Would it make sense to partition the EF Model into subsystems and keep the business objects (Server and SL) in one .dll (Rocky mentioned earlier that it is good to keep the number of assemblies down and that makes sense based on his reasoning).  Doing this, each EF Model could have anywhere from 20 tables to 50 depending on the sub system.  Any advice, recomendations would be most appreciated.  Yes, I know it is EF v1.0, but I have to start somewhere and I don't want to wait until EF 2.0.  There may be some converting of code when the new version comes out but might as well go for it.

CyclingFoodmanPA

 



RockfordLhotka replied on Wednesday, September 23, 2009

sergeyb:

I would say that a very large model will negatively affect performance.   However, too many models are a pain to manage.  One rule to keep in mind is that if you try to update two different models within the same transaction you will have to rely on MSDTC because each context.SaveChanges is one transaction.  So, if you cleanly divide your tables with this in mind, you should be OK.

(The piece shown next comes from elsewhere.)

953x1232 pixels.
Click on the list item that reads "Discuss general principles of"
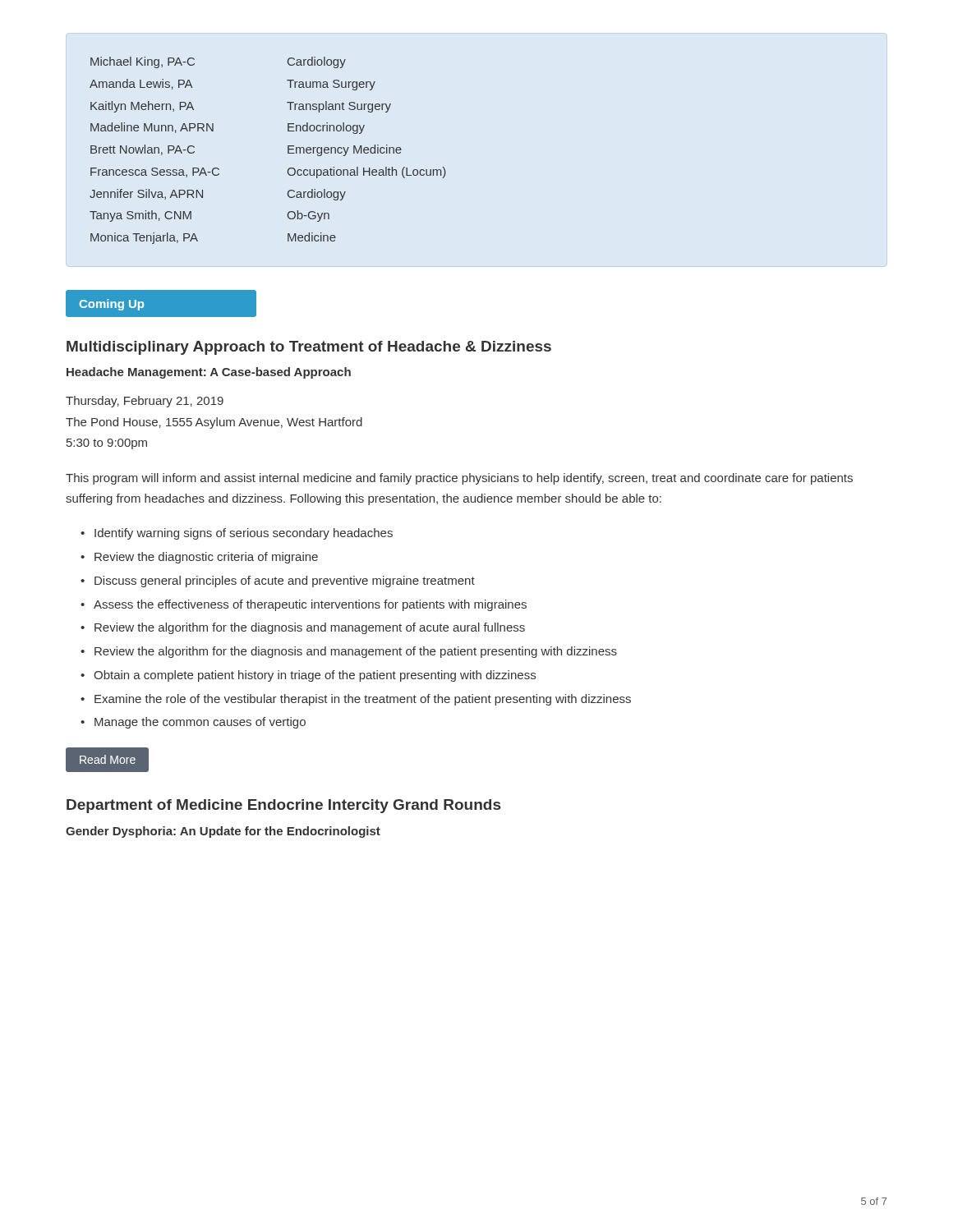point(284,580)

Is that really true Sergey?

You'd think there would be some way to get EF to use a pre-opened database connection or something, so you could update multiple models against the same database by reusing the same connection?

sergeyb replied on Wednesday, September 23, 2009

That is what I thought as well.  Context actually has an overload that takes store (underlying) connection, but if connection is already open (which it will be because it was using by another context), constructor will throw an exception “Connection already open”.  I even posted this on the EF forum (http://social.msdn.microsoft.com/Forums/en-US/adodotnetentityframework/thread/01e68e13-04ca-4576-8808-8dd7aca5f273 ), but got no reply.  The only way around it that I am aware of is to rely on MSDTC.

 

Sergey Barskiy

Principal Consultant

office: 678.405.0687 | mobile: 404.388.1899

cid:_2_0648EA840648E85C001BBCB886257279
Microsoft Worldwide Partner of the Year | Custom Development Solutions, Technical Innovation

 

From: RockfordLhotka [mailto:cslanet@lhotka.net]
Sent: Wednesday, September 23, 2009 9:58 AM
To: Sergey Barskiy
Subject: Re: [CSLA .NET] RE: Partition of EF Model for large application.

 

sergeyb:

I would say that a very large model will negatively affect performance.   However, too many models are a pain to manage.  One rule to keep in mind is that if you try to update two different models within the same transaction you will have to rely on MSDTC because each context.SaveChanges is one transaction.  So, if you cleanly divide your tables with this in mind, you should be OK.

Is that really true Sergey?

You'd think there would be some way to get EF to use a pre-opened database connection or something, so you could update multiple models against the same database by reusing the same connection?